Stored records
= = = =
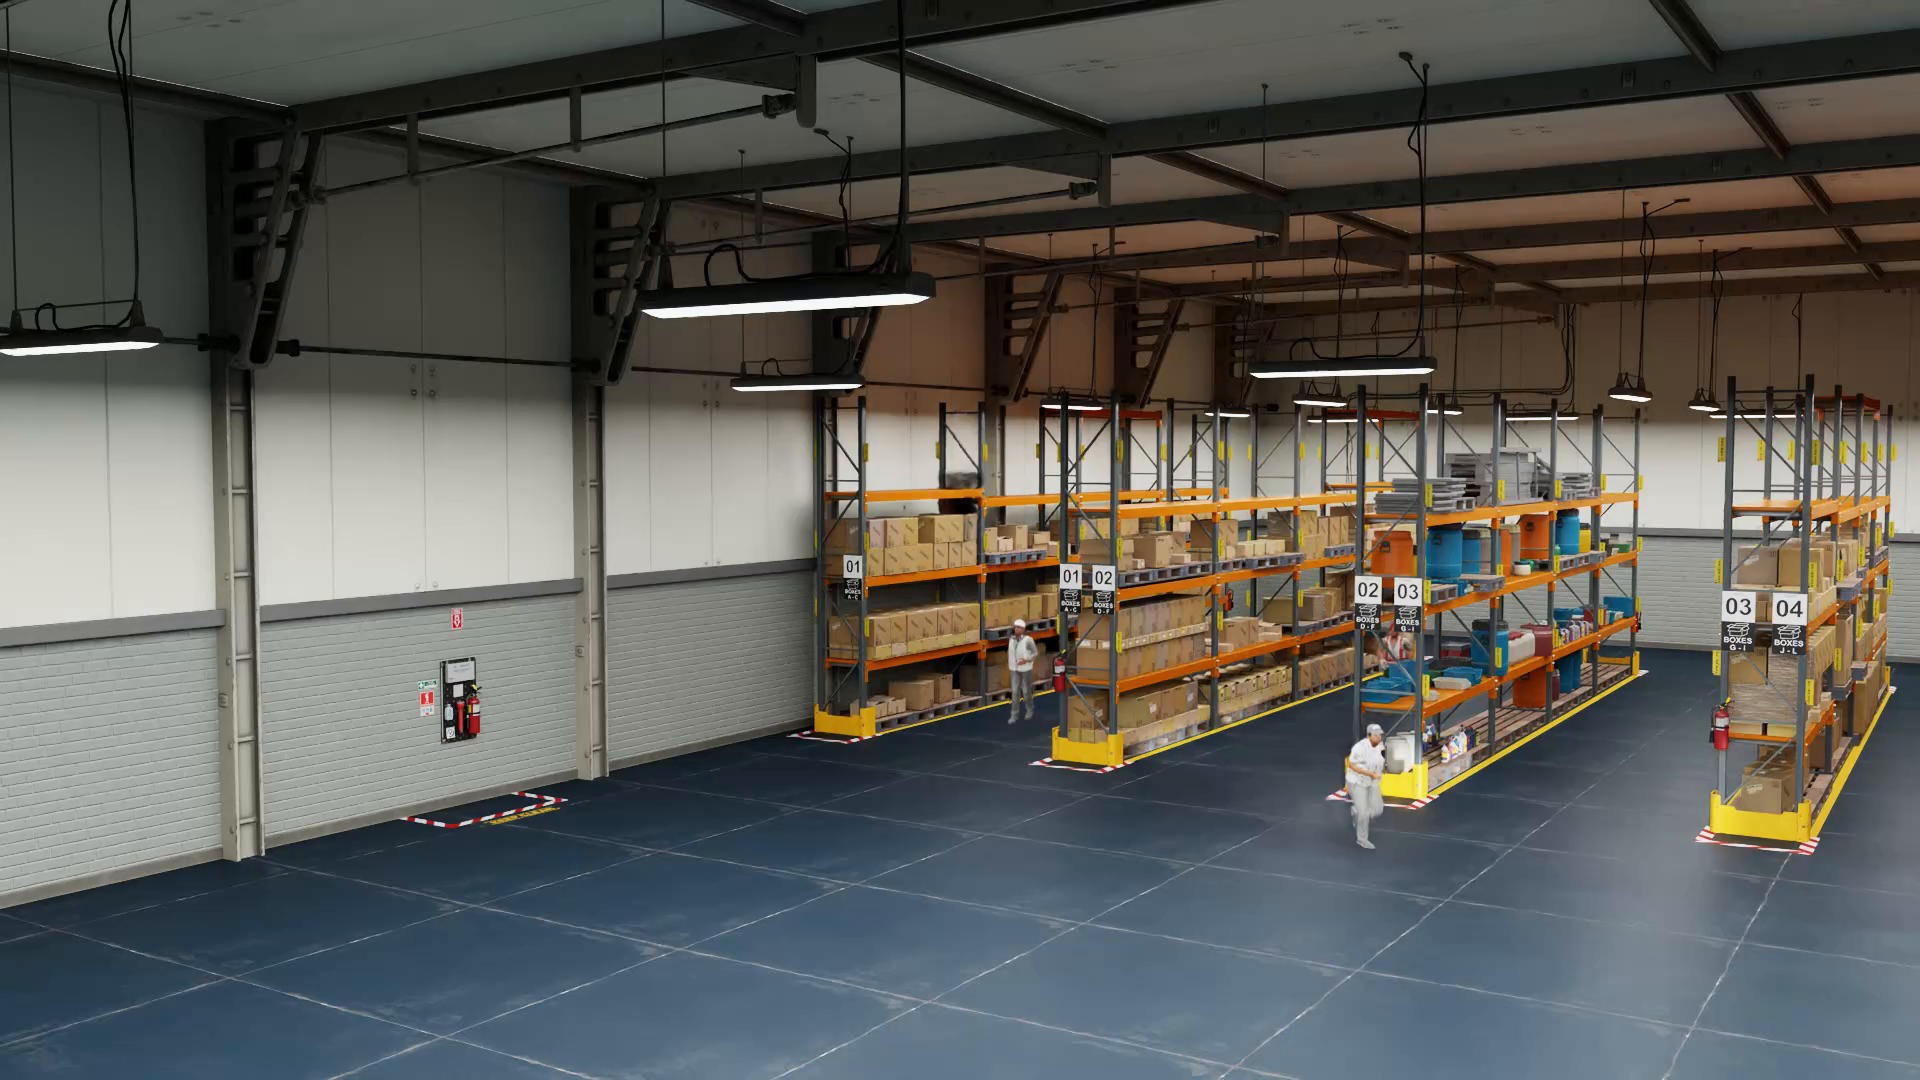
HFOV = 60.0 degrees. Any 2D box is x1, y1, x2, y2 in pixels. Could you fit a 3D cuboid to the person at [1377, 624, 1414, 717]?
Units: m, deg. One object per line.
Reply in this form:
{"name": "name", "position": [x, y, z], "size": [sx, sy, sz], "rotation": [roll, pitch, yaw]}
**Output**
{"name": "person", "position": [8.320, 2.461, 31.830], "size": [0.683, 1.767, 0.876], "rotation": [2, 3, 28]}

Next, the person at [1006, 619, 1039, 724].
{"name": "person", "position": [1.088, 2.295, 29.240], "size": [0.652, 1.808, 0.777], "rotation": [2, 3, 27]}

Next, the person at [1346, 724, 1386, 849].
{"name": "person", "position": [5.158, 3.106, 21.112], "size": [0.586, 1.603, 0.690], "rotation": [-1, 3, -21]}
= = = =
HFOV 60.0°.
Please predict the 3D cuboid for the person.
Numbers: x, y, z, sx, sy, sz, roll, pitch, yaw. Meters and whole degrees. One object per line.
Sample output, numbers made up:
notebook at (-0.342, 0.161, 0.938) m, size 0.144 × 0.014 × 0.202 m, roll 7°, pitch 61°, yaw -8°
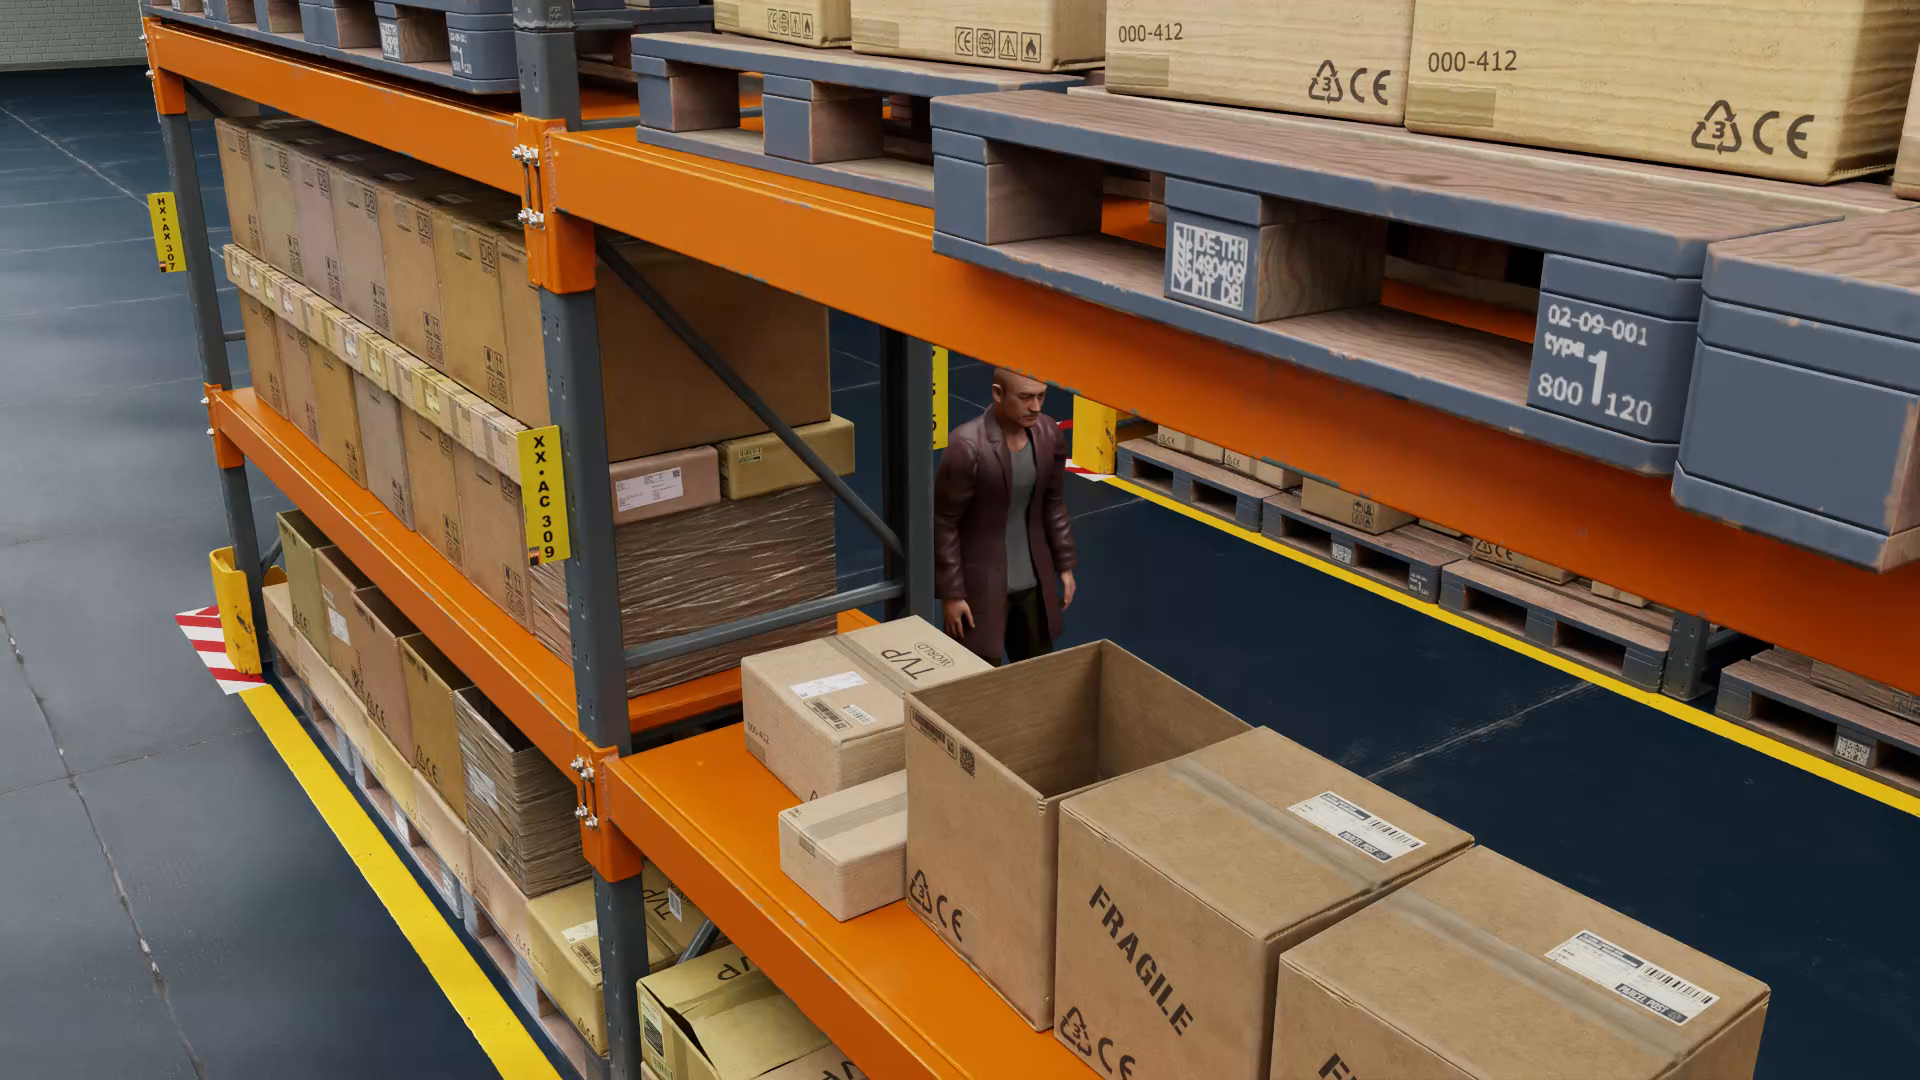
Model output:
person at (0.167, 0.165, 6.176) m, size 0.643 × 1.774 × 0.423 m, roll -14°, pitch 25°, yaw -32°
= = = =
WORK TASK: Which lines above hold the word "cuboid"? Copy each of them.

ANSWER FOR THIS EXERCISE:
HFOV = 60.0 degrees. Any 2D box is x1, y1, x2, y2 in pixels. Could you fit a 3D cuboid to the person at [1377, 624, 1414, 717]?
Please predict the 3D cuboid for the person.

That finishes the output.